Content starts
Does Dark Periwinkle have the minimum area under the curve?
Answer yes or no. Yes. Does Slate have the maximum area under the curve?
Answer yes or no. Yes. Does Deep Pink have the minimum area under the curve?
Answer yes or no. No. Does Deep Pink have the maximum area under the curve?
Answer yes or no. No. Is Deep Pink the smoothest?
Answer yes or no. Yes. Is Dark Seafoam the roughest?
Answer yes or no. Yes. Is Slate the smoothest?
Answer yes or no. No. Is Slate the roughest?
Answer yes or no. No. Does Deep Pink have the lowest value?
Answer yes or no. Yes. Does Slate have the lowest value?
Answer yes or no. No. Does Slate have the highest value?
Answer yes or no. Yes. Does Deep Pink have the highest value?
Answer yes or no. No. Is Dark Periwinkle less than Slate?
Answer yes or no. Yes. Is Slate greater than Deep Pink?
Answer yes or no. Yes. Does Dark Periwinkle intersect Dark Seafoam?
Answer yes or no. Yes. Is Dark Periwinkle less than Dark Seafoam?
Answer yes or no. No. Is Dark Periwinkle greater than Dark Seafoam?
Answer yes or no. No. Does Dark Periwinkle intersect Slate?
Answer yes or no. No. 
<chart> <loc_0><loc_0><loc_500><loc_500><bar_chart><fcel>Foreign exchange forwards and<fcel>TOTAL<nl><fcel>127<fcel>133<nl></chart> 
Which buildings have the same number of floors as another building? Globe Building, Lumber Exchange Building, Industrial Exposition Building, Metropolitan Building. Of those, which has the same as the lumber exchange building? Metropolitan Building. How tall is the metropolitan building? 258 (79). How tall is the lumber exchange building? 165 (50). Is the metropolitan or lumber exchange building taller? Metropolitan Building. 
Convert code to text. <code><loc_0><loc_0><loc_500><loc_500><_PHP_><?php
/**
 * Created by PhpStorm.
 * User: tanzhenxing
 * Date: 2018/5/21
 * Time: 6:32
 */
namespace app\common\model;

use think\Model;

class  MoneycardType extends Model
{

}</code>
Content ends
* _WORK ORDER_
Some lines above contain the word "minimum". Copy each of them.

* _FINAL ANSWER_
Does Dark Periwinkle have the minimum area under the curve?
Answer yes or no. Yes. Does Deep Pink have the minimum area under the curve?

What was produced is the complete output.